Seeds of something fine
The stuff of dreams
When I was a little girl, my dad used to take me on special outings, just him and me, to a place he didn’t take my mom or my sister. I remember feeling so special that these outings were just for us, and that he had picked me to help him with whatever he was working on — my dad took me to the hardware store.
I can’t have been very old when the tradition started. While cleaning out the basement at my parents’ house I found I card I made for dad at the age of 5 that said “Happy Father’s Day! Thanks for taking me to the hardware store.”
My memories of the trips to the store are quite vague, but the feeling of excitement I got as we approached the sliding glass doors is something that still flutters within me when I go in a hardware store.
I can remember standing in the aisle where the nails and screws were kept in bright plastic bulk bins and staring for what felt like hours, trying to imagine what kinds of projects people would be doing that would demand each particular kind of nail or screw or bolt. Of course the things I imagined were a great deal more elaborate than reality, but I think that’s what I liked about it. In those rows and rows of bins were the raw materials of infinite possibilities.
When we took Lyla on a trip to the hardware store recently, I was giddy as we drove, remembering how much I loved those trips with my dad.
We strapped her in the cart and made a mad dash for the things we absolutely had to get done, hoping her patience would hold out. It was stressful. It was busy. It was frustrating. Lyla was bored and tired and felt like she wasn’t getting near enough attention.
So I asked her to help. I gave her a special item to look for and held her hand and we walked along the aisles together. Suddenly this place we were in was not a torture chamber, it was a place of wonder.
She pointed to and exclaimed the name of literally every color we saw as though she had never imagined there could be that many shades of green in one place — and maybe she hadn’t.
At the entrance to every aisle she pointed and gasped as though she’d miraculously found the one I was looking for, the Shangri La of hardware —“It’s this one, Mommy!” she cried.
It took us a good 15 minutes to cross maybe 50 feet of floor. But it made me slow down and see all that she was seeing. To her, every aisle potentially held exactly what we needed. Having a specific part to play in the project we were undertaking transformed her surroundings to a world of possibilities.

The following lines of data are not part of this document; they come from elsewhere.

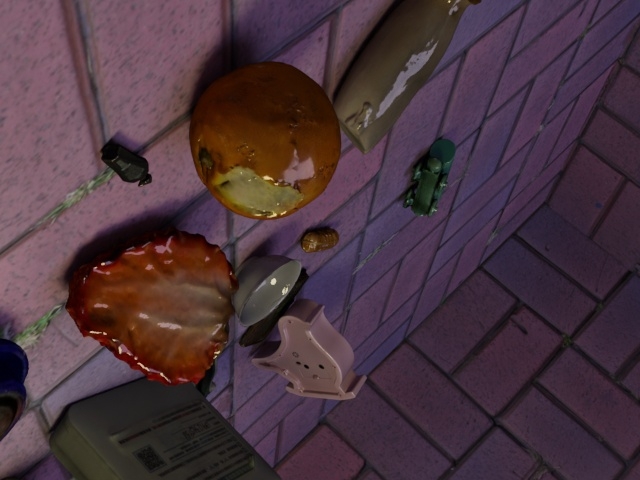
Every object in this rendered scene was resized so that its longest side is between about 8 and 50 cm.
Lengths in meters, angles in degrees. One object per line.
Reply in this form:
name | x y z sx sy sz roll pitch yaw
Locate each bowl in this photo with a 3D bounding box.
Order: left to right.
bowl | -0.136 0.091 2.132 0.189 0.086 0.189 -42 160 -20

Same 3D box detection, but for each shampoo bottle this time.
shampoo bottle | -0.283 -0.110 1.453 0.048 0.027 0.137 -36 163 3

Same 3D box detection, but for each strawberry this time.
strawberry | -0.295 0.106 1.657 0.336 0.149 0.265 13 80 -48

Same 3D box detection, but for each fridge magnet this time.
fridge magnet | -0.540 0.254 1.450 0.265 0.112 0.265 -41 161 -17

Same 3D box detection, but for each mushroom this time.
mushroom | 0.146 -0.339 1.834 0.154 0.137 0.407 3 125 -54

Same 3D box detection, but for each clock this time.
clock | -0.057 0.278 2.514 0.080 0.290 0.275 -50 123 -41

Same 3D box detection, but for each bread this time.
bread | 0.000 0.000 2.335 0.052 0.044 0.157 -61 161 16

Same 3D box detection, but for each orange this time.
orange | -0.084 -0.153 1.495 0.240 0.240 0.240 -43 162 -18

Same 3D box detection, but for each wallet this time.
wallet | -0.111 0.172 2.448 0.232 0.031 0.122 -56 162 23

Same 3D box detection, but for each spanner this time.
spanner | -0.292 0.350 2.373 0.095 0.040 0.325 -37 158 -32

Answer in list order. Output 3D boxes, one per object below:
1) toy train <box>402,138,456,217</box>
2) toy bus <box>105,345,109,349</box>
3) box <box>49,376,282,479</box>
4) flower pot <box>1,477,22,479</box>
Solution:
toy train | 0.301 -0.167 2.657 0.159 0.101 0.248 -58 169 -29
toy bus | -0.311 0.162 1.798 0.172 0.057 0.072 -4 123 -31
box | -0.297 0.459 1.996 0.111 0.396 0.396 -54 161 22
flower pot | -0.585 0.612 1.881 0.307 0.244 0.307 -44 161 -20
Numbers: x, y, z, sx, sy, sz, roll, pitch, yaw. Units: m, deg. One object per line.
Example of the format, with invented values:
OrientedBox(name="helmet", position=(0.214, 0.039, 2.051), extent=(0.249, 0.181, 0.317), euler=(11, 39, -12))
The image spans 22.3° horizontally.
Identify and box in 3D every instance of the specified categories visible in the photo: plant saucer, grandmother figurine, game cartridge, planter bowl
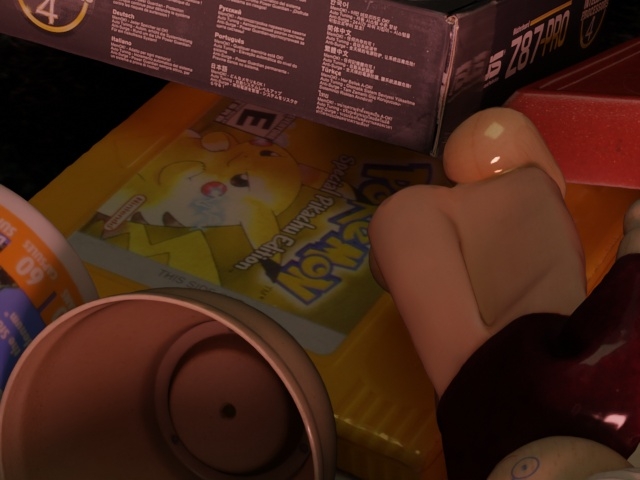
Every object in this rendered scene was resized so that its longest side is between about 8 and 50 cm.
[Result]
OrientedBox(name="plant saucer", position=(0.248, -0.080, 0.960), extent=(0.258, 0.047, 0.259), euler=(7, 19, 30))
OrientedBox(name="grandmother figurine", position=(0.084, 0.067, 0.713), extent=(0.104, 0.207, 0.342), euler=(22, 20, -14))
OrientedBox(name="game cartridge", position=(0.000, 0.000, 0.970), extent=(0.324, 0.052, 0.285), euler=(18, 43, 25))
OrientedBox(name="planter bowl", position=(-0.060, 0.095, 0.790), extent=(0.162, 0.162, 0.109), euler=(12, 13, 17))

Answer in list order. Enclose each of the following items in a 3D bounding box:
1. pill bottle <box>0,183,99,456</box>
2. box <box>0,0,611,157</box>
OrientedBox(name="pill bottle", position=(-0.235, 0.096, 0.777), extent=(0.152, 0.152, 0.272), euler=(15, 42, 20))
OrientedBox(name="box", position=(-0.035, -0.179, 1.093), extent=(0.395, 0.097, 0.318), euler=(18, 25, 22))

That’s why you go to a hardware store, right? Anything you can think up that you want to build to make life better or fix a problem, you start at the hardware store. To me, as a kid, it was an actual store you could go to and literally find the things that dreams are made of.
I think that’s still why I get excited, particularly when I smell those familiar smells at the doorway: the fresh-cut lumber being sized just right, the paint being mixed to somebody’s ideal shade, the plants in the greenhouse that will soon fill somebody’s perfectly-planned garden or window box. All of it is on its way to taking the shape of somebody’s dream.